Health leaders discuss the ways Arizona is addressing health equity through data collection on race and ethnicity


Hannah Saunders


A key aspect of identifying and reducing health disparities is data collection, which is an area of focus for Arizona healthcare leaders. State health officials met at the 2023 Arizona State of Reform Health Policy Conference last month to discuss improvements to data collection across the state.

Siman Qaasim works as the assistant director for policy and intergovernmental affairs at the Arizona Department of Health Services (ADHS).

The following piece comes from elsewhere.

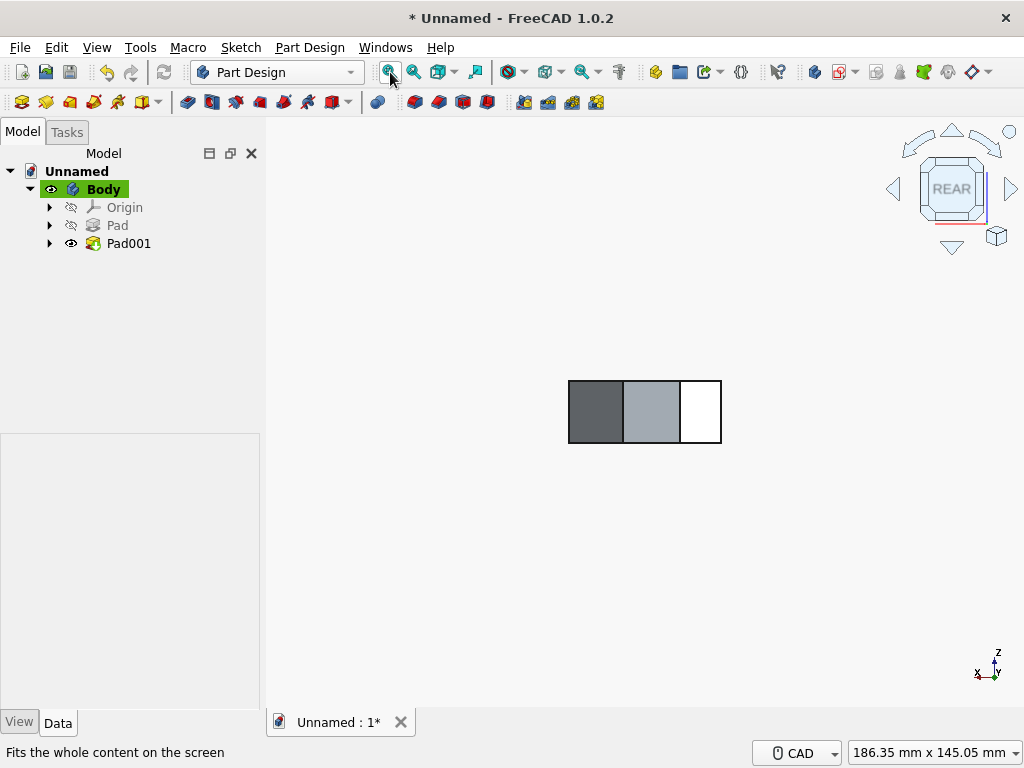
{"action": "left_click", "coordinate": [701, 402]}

She said it’s important to understand how health departments—including public health departments—collect population data, and to refine it to understand health conditions at local levels. 

“What I would love to see, and we work a little bit on it on our Data Advisory Committee that we have at the department, which is to really champion the collection of data, more nuanced race and ethnicity [data], and of course SOGI data—that’s sexual orientation, gender identity, and expression data. We need that data to figure out who is experiencing what.”

— Qaasim

ADHS’ data analytics section lead, Wesley Kortuem, discussed how artificial intelligence is being utilized to enhance health equity. Kortuem said the department is working with a software called Tamr that allows ADHS to extract data and to use a machine—which they are learning to train—in order to recognize when an individual in one database is the same as an individual in a separate database. 

“Having the machine learning in place, that allows us to bring both datasets in—multiple datasets, actually—and then we can tell the machine what the scheme of the two tables are and give it certain variables—address, city, state, zip [code], race, ethnicity, name, all of these things, whatever we have—and then let the machine look at these different records and try to pair them up,” Kortuem said. 

The pairs can then be looked at and determined if they are the same individual in the separate databases. Regardless, Kortuem said the machine learns something as a result. This process must be continued until the machine is fully trained to make that distinction of individuals.

Kortuem explained how from there, a master person index can be created, which would identify each individual in each siloed dataset. An additional modernization initiative stemmed from evident areas of improvement during the COVID-19 pandemic. 

“We’re making improvements all the way from where the data is being entered, to the final analysis, so, we get the data from a lot of sources—death certificates and so on,” Kortuem said. 

Matthew Isiogu, chief revenue officer of Contexture (the major health information exchange in Arizona and Colorado), noted how important it is for individuals to have numerous options when submitting identifying data about themselves. 

He said he was in a meeting earlier this year where the team looked at race and ethnicity data from all hospitals and health systems. Isiogu said that when looking at the individual level, the team noticed how some selected more than one race, and that the option to select multiple races is the data standard. On the other hand, this data standard may not be the way hospital paperwork, for example, is designed, which may force individuals to choose between one race option or another. 

“I think we are at a really critical time when there’s interest across sectors to do this work,” Isiogu said. “State agencies are being very creative to come up with funding opportunities and strategic alignment across agencies, but it’s just as important—if not more important—that when we are making these decisions, the structure, the data about governments of that data, that we have a diversity of perspectives and representation at the table.”